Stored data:
Start of Block

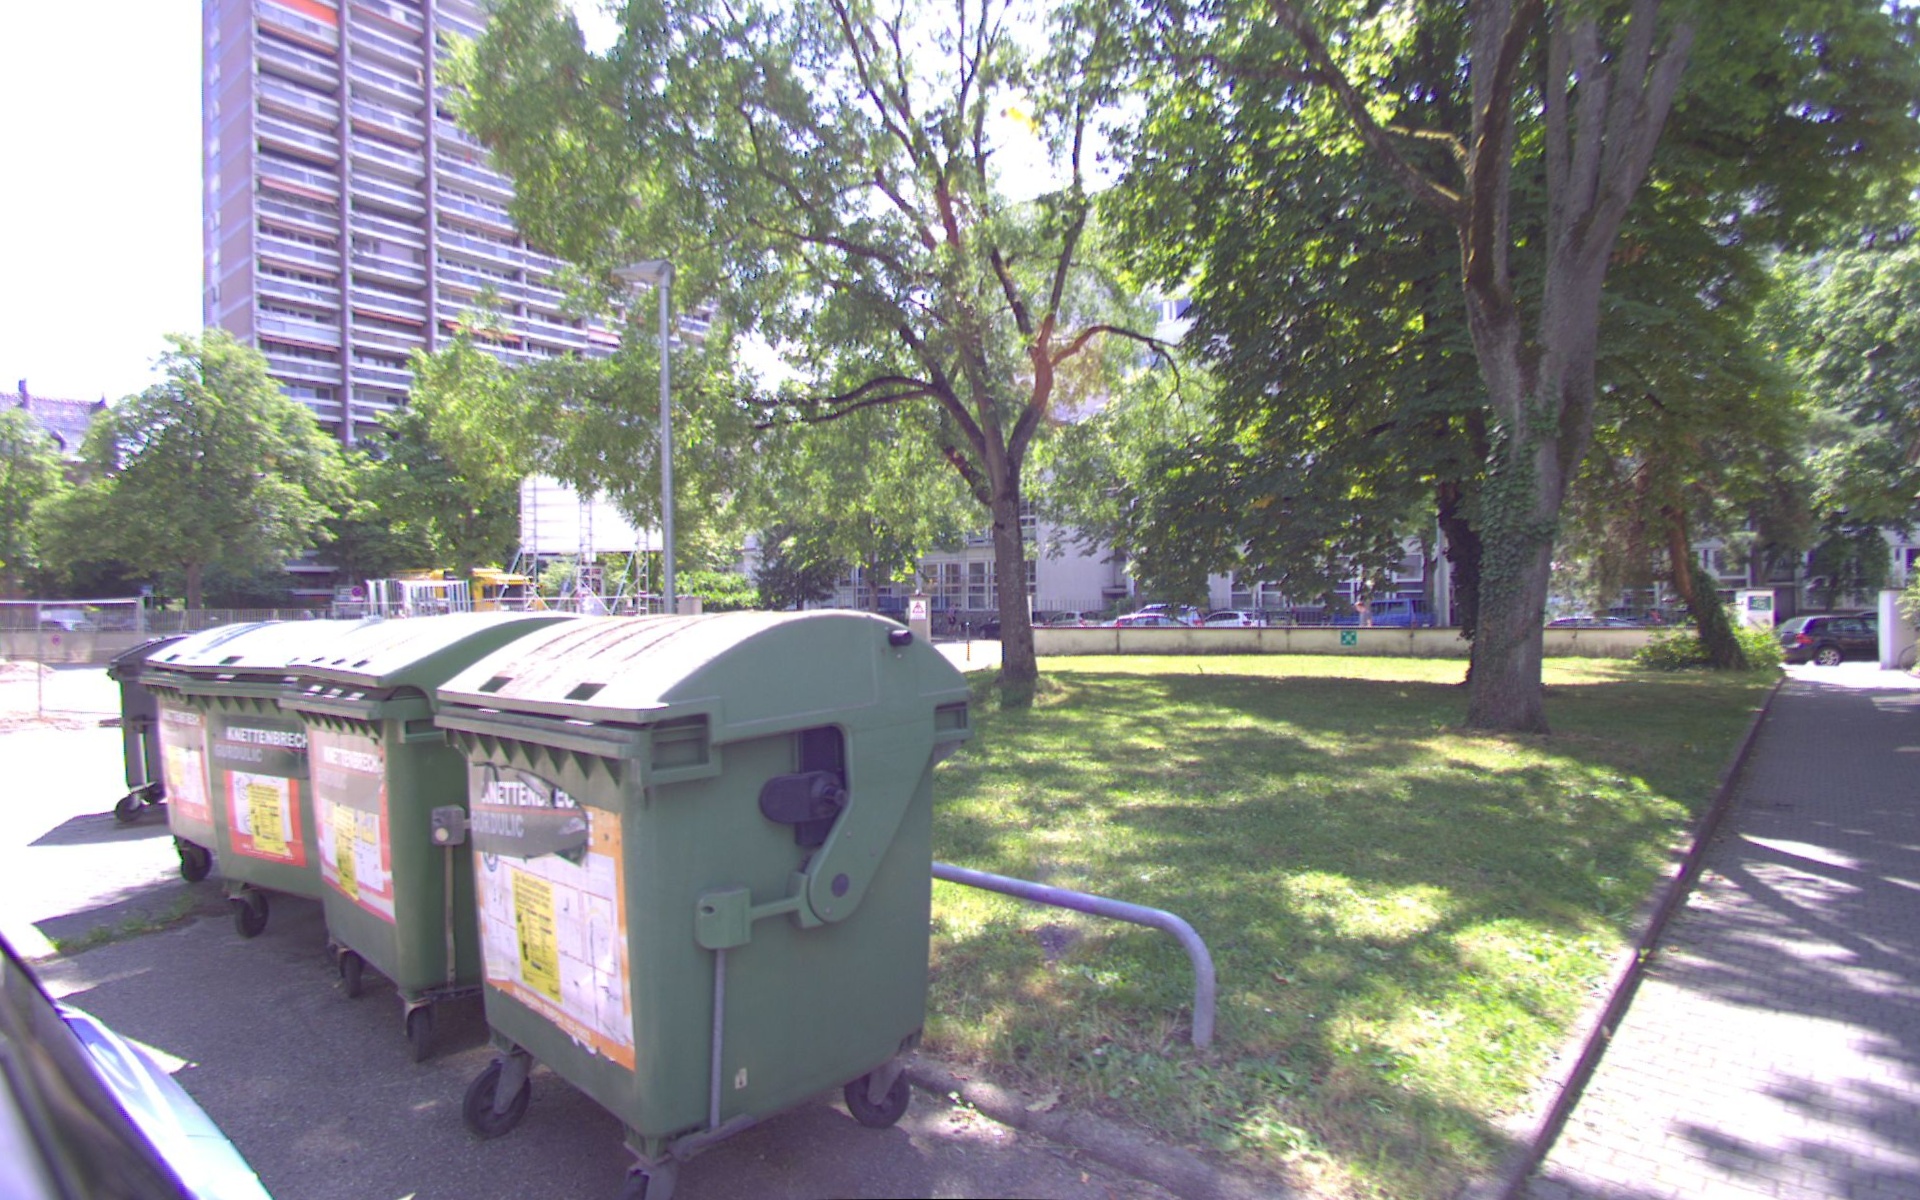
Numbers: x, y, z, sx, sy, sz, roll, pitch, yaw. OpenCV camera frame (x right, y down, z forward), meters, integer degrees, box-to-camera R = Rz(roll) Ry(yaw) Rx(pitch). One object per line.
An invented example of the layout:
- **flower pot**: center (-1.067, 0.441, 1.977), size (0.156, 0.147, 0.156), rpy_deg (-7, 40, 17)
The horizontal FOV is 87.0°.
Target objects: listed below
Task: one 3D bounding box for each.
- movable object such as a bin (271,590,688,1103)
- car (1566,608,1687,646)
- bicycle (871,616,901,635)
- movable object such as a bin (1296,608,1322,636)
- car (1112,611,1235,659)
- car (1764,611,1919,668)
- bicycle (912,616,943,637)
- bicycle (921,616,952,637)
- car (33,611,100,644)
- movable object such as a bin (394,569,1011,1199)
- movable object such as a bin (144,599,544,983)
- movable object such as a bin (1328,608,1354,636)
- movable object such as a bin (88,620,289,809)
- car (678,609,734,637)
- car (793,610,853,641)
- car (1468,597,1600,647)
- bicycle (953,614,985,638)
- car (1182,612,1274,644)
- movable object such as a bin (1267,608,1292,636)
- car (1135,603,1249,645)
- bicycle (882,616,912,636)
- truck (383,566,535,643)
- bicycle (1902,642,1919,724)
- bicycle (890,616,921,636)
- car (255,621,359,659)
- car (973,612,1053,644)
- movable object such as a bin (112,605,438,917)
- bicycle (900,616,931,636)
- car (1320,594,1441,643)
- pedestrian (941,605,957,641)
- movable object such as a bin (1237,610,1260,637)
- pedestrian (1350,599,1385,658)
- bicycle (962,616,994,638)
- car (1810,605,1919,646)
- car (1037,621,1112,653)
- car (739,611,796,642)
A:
- **movable object such as a bin**: center (-1.802, 0.728, 3.770), size (1.262, 1.490, 1.032), rpy_deg (-1, -1, 44)
- **car**: center (27.988, 1.105, 42.633), size (1.642, 1.497, 4.013), rpy_deg (0, -1, -21)
- **bicycle**: center (-4.331, 1.496, 59.583), size (0.568, 1.139, 1.901), rpy_deg (-1, -1, 41)
- **movable object such as a bin**: center (17.556, 1.121, 50.930), size (1.173, 1.409, 1.030), rpy_deg (-1, -1, 21)
- **car**: center (6.689, 1.119, 31.971), size (3.685, 1.468, 1.584), rpy_deg (0, -3, 10)
- **car**: center (24.409, 1.052, 27.296), size (3.739, 1.455, 1.942), rpy_deg (-1, -1, 16)
- **bicycle**: center (-1.854, 1.484, 57.432), size (0.569, 1.139, 1.915), rpy_deg (-1, -1, 44)
- **bicycle**: center (-1.313, 1.466, 56.855), size (0.569, 1.139, 1.915), rpy_deg (-1, -1, 44)
- **car**: center (-56.837, 1.715, 64.468), size (1.965, 2.029, 4.013), rpy_deg (-1, 0, -21)
- **movable object such as a bin**: center (-0.733, 0.699, 2.772), size (1.409, 1.490, 1.033), rpy_deg (-1, -1, 42)
- **movable object such as a bin**: center (-2.864, 0.756, 4.754), size (1.354, 1.490, 1.086), rpy_deg (-1, -1, 29)
- **movable object such as a bin**: center (19.005, 1.103, 50.474), size (1.173, 1.409, 1.030), rpy_deg (-1, -1, 21)
- **movable object such as a bin**: center (-6.312, 0.876, 8.382), size (1.097, 1.405, 1.164), rpy_deg (0, -1, -25)
- **car**: center (-13.299, 1.205, 52.826), size (1.602, 1.383, 4.034), rpy_deg (0, -1, -33)
- **car**: center (-6.989, 1.288, 51.375), size (1.622, 1.528, 3.586), rpy_deg (0, -1, -33)
- **car**: center (24.609, 0.920, 43.597), size (1.965, 2.029, 4.646), rpy_deg (0, -1, -24)
- **bicycle**: center (0.506, 1.428, 55.981), size (0.569, 1.247, 1.915), rpy_deg (-1, -1, 44)
- **car**: center (12.304, 1.261, 46.721), size (1.686, 1.424, 3.992), rpy_deg (0, -1, -33)
- **movable object such as a bin**: center (16.213, 1.139, 51.347), size (1.173, 1.409, 1.030), rpy_deg (-1, -1, 21)
- **car**: center (9.298, 0.971, 40.865), size (4.352, 1.619, 1.993), rpy_deg (-1, -1, 11)
- **bicycle**: center (-3.681, 1.484, 59.152), size (0.568, 1.139, 1.901), rpy_deg (-1, -1, 41)
- **truck**: center (-28.084, 0.278, 56.537), size (9.706, 4.036, 2.723), rpy_deg (-1, 0, 30)
- **bicycle**: center (11.842, 0.923, 10.987), size (2.253, 0.897, 0.648), rpy_deg (-1, -1, 34)
- **bicycle**: center (-3.135, 1.488, 58.604), size (0.569, 1.139, 1.900), rpy_deg (-1, -1, 44)
- **car**: center (-25.783, 1.573, 39.980), size (3.553, 1.451, 1.613), rpy_deg (-1, -1, 18)
- **car**: center (2.543, 1.326, 49.394), size (1.724, 1.481, 4.209), rpy_deg (-1, 0, -33)
- **movable object such as a bin**: center (-3.870, 0.783, 5.732), size (1.323, 1.490, 1.192), rpy_deg (-1, -1, 38)
- **bicycle**: center (-2.570, 1.486, 58.112), size (0.569, 1.139, 1.915), rpy_deg (-1, -1, 44)
- **car**: center (18.609, 0.816, 44.997), size (1.966, 2.029, 4.644), rpy_deg (0, -1, -32)
- **pedestrian**: center (-0.580, 1.186, 53.195), size (0.574, 1.889, 0.709), rpy_deg (-1, -1, 27)
- **movable object such as a bin**: center (14.715, 1.188, 51.609), size (1.067, 1.340, 0.966), rpy_deg (-1, -1, 15)
- **pedestrian**: center (11.002, 0.768, 27.334), size (0.736, 1.579, 0.695), rpy_deg (-1, 0, 12)
- **bicycle**: center (1.004, 1.473, 55.549), size (0.569, 1.139, 1.915), rpy_deg (-1, -1, 44)
- **car**: center (37.315, 1.017, 41.026), size (1.721, 1.397, 4.011), rpy_deg (-2, 3, -33)
- **car**: center (5.483, 1.754, 48.687), size (1.724, 1.473, 3.550), rpy_deg (0, -1, -33)
- **car**: center (-9.936, 1.333, 52.036), size (1.788, 1.474, 4.036), rpy_deg (-1, 0, -27)

End of Block

Copy the stretch of the records above that runs from the line with "- movable object such as a bin (1296,608,1322,636)" through the line with "- car (739,611,796,642)". Both end lines belong in the copy, and nothing else does.

• **Result of the task**
- movable object such as a bin (1296,608,1322,636)
- car (1112,611,1235,659)
- car (1764,611,1919,668)
- bicycle (912,616,943,637)
- bicycle (921,616,952,637)
- car (33,611,100,644)
- movable object such as a bin (394,569,1011,1199)
- movable object such as a bin (144,599,544,983)
- movable object such as a bin (1328,608,1354,636)
- movable object such as a bin (88,620,289,809)
- car (678,609,734,637)
- car (793,610,853,641)
- car (1468,597,1600,647)
- bicycle (953,614,985,638)
- car (1182,612,1274,644)
- movable object such as a bin (1267,608,1292,636)
- car (1135,603,1249,645)
- bicycle (882,616,912,636)
- truck (383,566,535,643)
- bicycle (1902,642,1919,724)
- bicycle (890,616,921,636)
- car (255,621,359,659)
- car (973,612,1053,644)
- movable object such as a bin (112,605,438,917)
- bicycle (900,616,931,636)
- car (1320,594,1441,643)
- pedestrian (941,605,957,641)
- movable object such as a bin (1237,610,1260,637)
- pedestrian (1350,599,1385,658)
- bicycle (962,616,994,638)
- car (1810,605,1919,646)
- car (1037,621,1112,653)
- car (739,611,796,642)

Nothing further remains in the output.